Šavorić was involved in the drafting of the law concerning the indebted Agrokor food and retail conglomerate and served for a while as an adviser to the former government-appointed emergency administrator of Agrokor.

Plenković said he had not invited the lawyer personally. The prime minister was asked whether he could confirm the claim by the leader of the opposition MOST party Božo Petrov that lawyer Boris Šavorić had come to the government as a person enjoying the prime minister’s confidence.

Petrov has told the Večernji List newspaper that Šavorić had been brought to the government by Prime Minister Andrej Plenković. “The key question is who is saying this. Božo Petrov is obviously speaking creatively,” Plenković told reporters.

Plenković recalled that it was a time of a looming crisis at Agrokor and that lawyers were engaged along with economic and financial experts. “The drafting of the law was not discussed. I think Mr Šavorić came in good faith to help in the process.

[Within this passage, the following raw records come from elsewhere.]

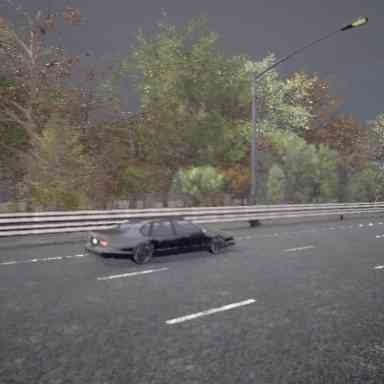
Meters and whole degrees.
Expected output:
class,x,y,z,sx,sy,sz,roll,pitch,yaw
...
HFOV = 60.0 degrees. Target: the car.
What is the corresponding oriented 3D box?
class,x,y,z,sx,sy,sz,roll,pitch,yaw
car,-0.926,1.561,11.681,5.357,1.411,2.033,0,0,-35
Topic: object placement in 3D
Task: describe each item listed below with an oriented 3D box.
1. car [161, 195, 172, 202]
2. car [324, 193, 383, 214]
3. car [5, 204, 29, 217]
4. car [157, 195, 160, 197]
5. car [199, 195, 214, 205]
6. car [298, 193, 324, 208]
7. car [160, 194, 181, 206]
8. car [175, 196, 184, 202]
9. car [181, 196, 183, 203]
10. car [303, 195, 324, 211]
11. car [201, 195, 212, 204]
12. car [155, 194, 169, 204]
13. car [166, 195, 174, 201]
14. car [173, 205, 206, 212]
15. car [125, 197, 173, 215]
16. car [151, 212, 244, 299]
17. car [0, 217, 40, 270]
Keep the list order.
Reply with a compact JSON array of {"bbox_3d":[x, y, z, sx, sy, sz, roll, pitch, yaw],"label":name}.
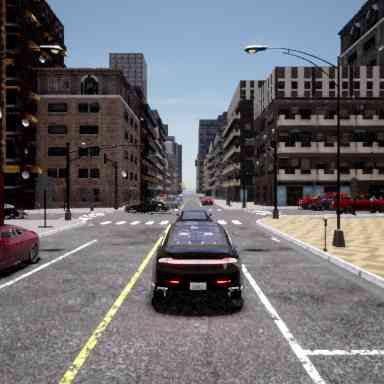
[{"bbox_3d":[-5.620,1.470,73.985,1.967,1.590,4.097,0,0,0],"label":"car"},{"bbox_3d":[14.722,1.029,29.173,5.009,1.841,2.192,-1,1,0],"label":"car"},{"bbox_3d":[-18.140,1.806,31.524,4.902,1.511,2.128,-1,0,0],"label":"car"},{"bbox_3d":[-5.641,1.581,51.255,1.947,1.339,4.313,0,0,0],"label":"car"},{"bbox_3d":[2.744,1.458,56.932,1.967,1.590,4.097,0,0,0],"label":"car"},{"bbox_3d":[14.595,1.015,37.552,5.009,1.841,2.192,-1,1,0],"label":"car"},{"bbox_3d":[-3.019,1.365,48.203,2.097,1.767,4.553,0,0,0],"label":"car"},{"bbox_3d":[-2.924,1.572,79.072,2.033,1.411,5.357,0,0,0],"label":"car"},{"bbox_3d":[-3.024,1.620,58.136,1.895,1.301,4.718,0,0,0],"label":"car"},{"bbox_3d":[14.358,1.273,34.981,4.181,1.385,1.994,-1,0,-1],"label":"car"},{"bbox_3d":[2.750,1.462,62.614,1.967,1.590,4.097,0,0,0],"label":"car"},{"bbox_3d":[-5.631,1.337,62.620,2.192,1.841,5.009,0,0,0],"label":"car"},{"bbox_3d":[-5.609,1.481,85.351,1.967,1.590,4.097,0,0,0],"label":"car"},{"bbox_3d":[0.115,1.565,17.054,1.994,1.385,4.181,0,0,0],"label":"car"},{"bbox_3d":[-4.668,1.586,34.839,4.674,1.442,1.812,-1,0,0],"label":"car"},{"bbox_3d":[0.110,1.491,8.439,2.128,1.511,4.902,0,0,0],"label":"car"},{"bbox_3d":[-5.732,1.582,9.232,1.802,1.307,4.206,0,0,0],"label":"car"}]

I didn’t call him personally, he was called by the government,” Plenković said.

The HDZ’s main committee unanimously adopted a draft of the party’s new statue ahead of its convention on Saturday.

Plenković said that the convention would bring together about 2,000 delegates, adding that he did not expect any “dissonant tones” because the HDZ had behind it two years of victories and successes at parliamentary and local elections.

He commented on the move by two Social Democratic Party (SDP) lawmakers to report him to the Conflict of Interest Commission over the Agrokor affair. “It is their right and it is part of the political match we have been watching lately,” Plenković said, adding that now it was up to the Commission to decide whether or not it would take action.